Pendant des millénaires, les chefs politiques avaient la tâche simple, nous
explique, avec un brin de provocation, Jean-Michel Oughourlian : quand ils
voulaient mobiliser leur population, il leur suffisait de trouver un ennemi
contre qui unir le groupe. Aujourd'hui, la recherche de boucs émissaires
ne cesse de perdre de son efficacité. Les puissances rechignent de plus en plus
à faire la guerre à l'âge nucléaire ; par ailleurs l'individualisme croissant, au
sein des sociétés, rend de moins en moins probables des phénomènes durables
de polarisation sur une seule victime émissaire.

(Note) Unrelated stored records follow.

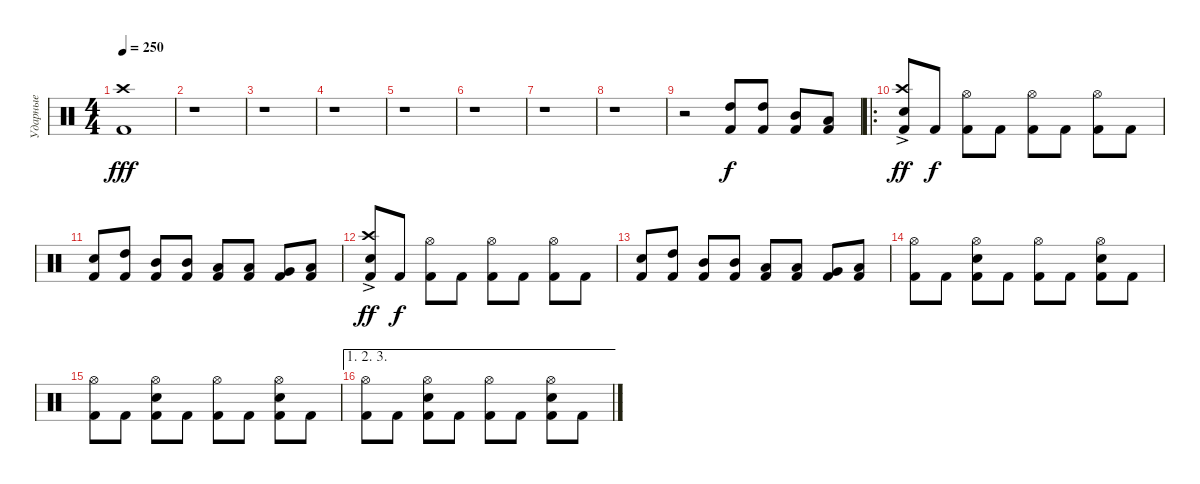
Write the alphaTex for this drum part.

\track ("Ударные" "Ударные") {instrument percussion}
\staff {score}
\articulation defaults
\ts (4 4)
\tempo 250
\clef neutral
\ks c
("Kick (hit) 2" "Crash high (hit)").1{dy fff} |
r.1 |
r.1 |
r.1 |
r.1 |
r.1 |
r.1 |
r.1 |
r.2 ("Kick (hit) 2" "High Tom (hit)").8{dy f} ("Kick (hit) 2" "High Tom (hit)").8 ("Kick (hit) 2" "Mid Tom (hit)").8 ("Kick (hit) 2" "Low Tom (hit)").8 |
\ro
("Kick (hit) 2" "Snare (hit) 2" "Crash high (hit)"{ac}).8{dy ff} "Kick (hit) 2".8{dy f} ("Kick (hit) 2" "Hi-Hat (open)").8 "Kick (hit) 2".8 ("Kick (hit) 2" "Hi-Hat (open)").8 "Kick (hit) 2".8 ("Kick (hit) 2" "Hi-Hat (open)").8 "Kick (hit) 2".8 |
("Kick (hit) 2" "Snare (hit) 2").8 ("Kick (hit) 2" "High Tom (hit)").8 ("Kick (hit) 2" "Mid Tom (hit)").8 ("Kick (hit) 2" "Mid Tom (hit)").8 ("Kick (hit) 2" "Low Tom (hit)").8 ("Kick (hit) 2" "Low Tom (hit)").8 ("Kick (hit) 2" "Very Low Tom (hit)").8 ("Kick (hit) 2" "Low Floor Tom (hit)").8 |
("Kick (hit) 2" "Snare (hit) 2" "Crash high (hit)"{ac}).8{dy ff} "Kick (hit) 2".8{dy f} ("Kick (hit) 2" "Hi-Hat (open)").8 "Kick (hit) 2".8 ("Kick (hit) 2" "Hi-Hat (open)").8 "Kick (hit) 2".8 ("Kick (hit) 2" "Hi-Hat (open)").8 "Kick (hit) 2".8 |
("Kick (hit) 2" "Snare (hit) 2").8 ("Kick (hit) 2" "High Tom (hit)").8 ("Kick (hit) 2" "Mid Tom (hit)").8 ("Kick (hit) 2" "Mid Tom (hit)").8 ("Kick (hit) 2" "Low Tom (hit)").8 ("Kick (hit) 2" "Low Tom (hit)").8 ("Kick (hit) 2" "Very Low Tom (hit)").8 ("Kick (hit) 2" "Low Floor Tom (hit)").8 |
("Kick (hit) 2" "Hi-Hat (open)").8 "Kick (hit) 2".8 ("Kick (hit) 2" "Snare (hit) 2" "Hi-Hat (open)").8 "Kick (hit) 2".8 ("Kick (hit) 2" "Hi-Hat (open)").8 "Kick (hit) 2".8 ("Kick (hit) 2" "Snare (hit) 2" "Hi-Hat (open)").8 "Kick (hit) 2".8 |
("Kick (hit) 2" "Hi-Hat (open)").8 "Kick (hit) 2".8 ("Kick (hit) 2" "Snare (hit) 2" "Hi-Hat (open)").8 "Kick (hit) 2".8 ("Kick (hit) 2" "Hi-Hat (open)").8 "Kick (hit) 2".8 ("Kick (hit) 2" "Snare (hit) 2" "Hi-Hat (open)").8 "Kick (hit) 2".8 |
\ae (1 2 3)
("Kick (hit) 2" "Hi-Hat (open)").8 "Kick (hit) 2".8 ("Kick (hit) 2" "Snare (hit) 2" "Hi-Hat (open)").8 "Kick (hit) 2".8 ("Kick (hit) 2" "Hi-Hat (open)").8 "Kick (hit) 2".8 ("Kick (hit) 2" "Snare (hit) 2" "Hi-Hat (open)").8 "Kick (hit) 2".8

C'est la décomposition de la politique traditionnelle que nous décrit
l'auteur, en tirant ses exemples de l'actualité la plus récente : de la caricaturale
tentative de George W. Bush à rassembler une coalition internationale pour
se lancer dans la guerre contre l'Irak, à la débauche de communication dont
font preuve les modernes élus du peuple, sans réussir à camoufler leur absence
profonde d'objectifs.
En fait, à la recherche de l'ennemi, on pourrait substituer une véritable
recherche du contrat social ; mais tout se passe comme si nos sociétés
n'arrivaient pas à sortir d'un «entre-deux» où elles sont incapables d'inventer
une manière non violente de faire de la politique, sans croire non plus vraiment
à l'efficacité de la violence qu'elles continuent à mettre en oeuvre. C'est à
un diagnostic sans complaisance sur nos pratiques politiques que nous invite
Jean-Michel Oughourlian, dans le sillage des travaux de René Girard.